Thoughts at the time of bidding adieu

Mehak
It ‘s here in the  PPS that I fledged. With my new found wings, now, I am all set to soar courageously across uncharted  horizons.  Away from this protective nest shall I’ ve to go…but…memories  attached to the PPS  shall support me during my arduous flights.  My first step landed here when I was in grade eight. Many a moment now has turned into memories.  Each time I erred I received a loving tug on my ear…no rebuke…no admonishment. I relished being in the thick of activities and contests. How I wish I’d arrived earlier. Those long drawn out games in the sun bathed lawns, those stolen bites from unattended tiffins ,  those informal chats with our mentors…it was heavenly. The very thought of a life beyond, sends shivers down the spine. Every morning brought  hopes anew. Boisterous seemed every season, here.  Thanks for mothering me with tender care, dear PPS.
My stepping into this school, I think, was among the most cherished days of my life. My teachers were no less affectionate than my parents.  In our Principal Sir, I found a philosopher guide. I am proud of my parents who chose the PPS  for me. Thanks, dear school, for not only making me a keen learner but also sound human being.
Akanksha
Pawandeep Kaur
Almost unthinkable to list down the various ways in which I stood transformed at the PPS.  I shall leave with a rich reservoir of pleasant memories. May blessings be on you  my dear PPS.
Much of what I am, I owe it to the PPS.  I am blessed to be among those fortunate  few who came here at a very tender age. How  I wish I make my school proud of me one day.
Priyanka
Gautam
It’s  hard to visualize life sans the PPS.  For a decade it has remained a home away from home. Eyes moisten, as  I visualize teachers and friends fading into memory.

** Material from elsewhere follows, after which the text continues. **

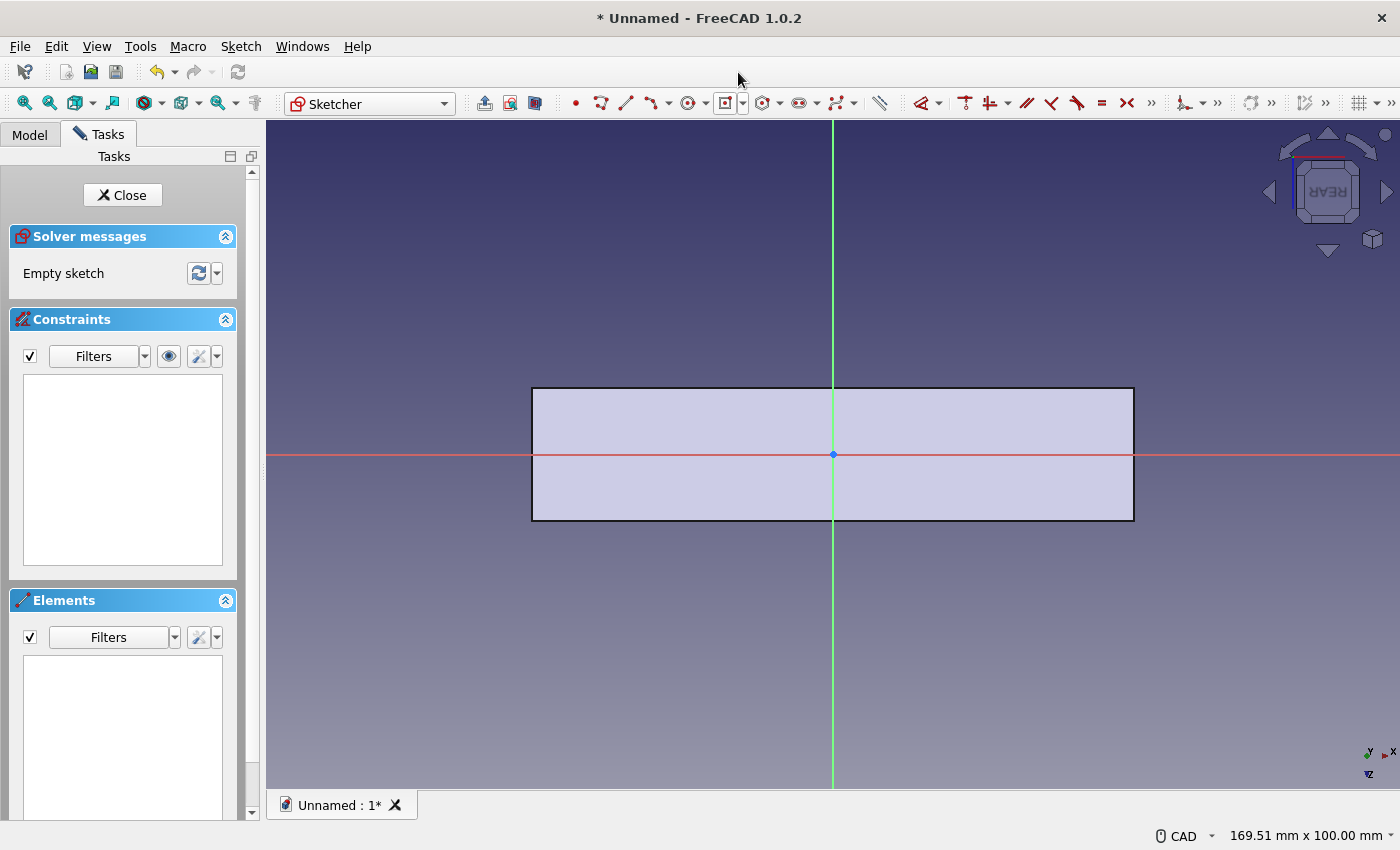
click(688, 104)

I experience mixed emotions on bidding adieu to the PPS. Pleasantness comes from the joy of having spent my formative years here at the PPS. The agony is triggered by the realization of having grown up a bit too fast. Its hard to pen a surge of emotions, meant for a novel, in lines few.
Love you PPS.
Jagroop
Amritpal
With me shall I carry a big pile of fond memories. For years together the PPS shall continue to be a companion in my solitude.

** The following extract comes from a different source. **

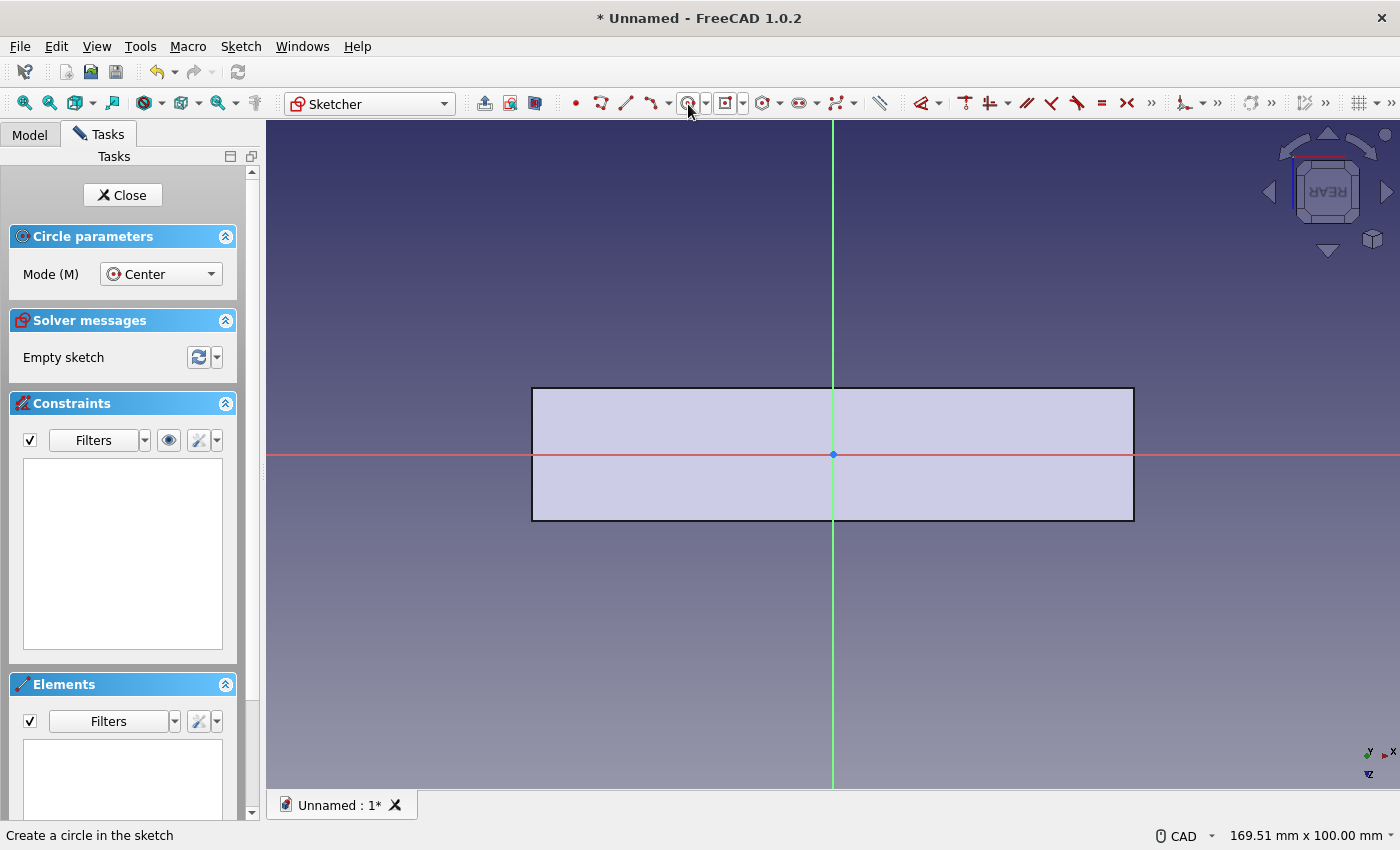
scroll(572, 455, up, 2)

For an introvert like me, the PPS came as the biggest boon of my life. It brought me out of my cocoon.  Getting to become a Prefect proved a high point of my  stay on the campus.
Sukhpreet
Navkiran
I shall be the second in our family to pass out from the portals of the PPS, still leaving my younger brother in its loving care. For us siblings the PPS has been a family-school.  It’s here we saw our inconsistencies getting ironed out. I shall miss you much, our dear PPS.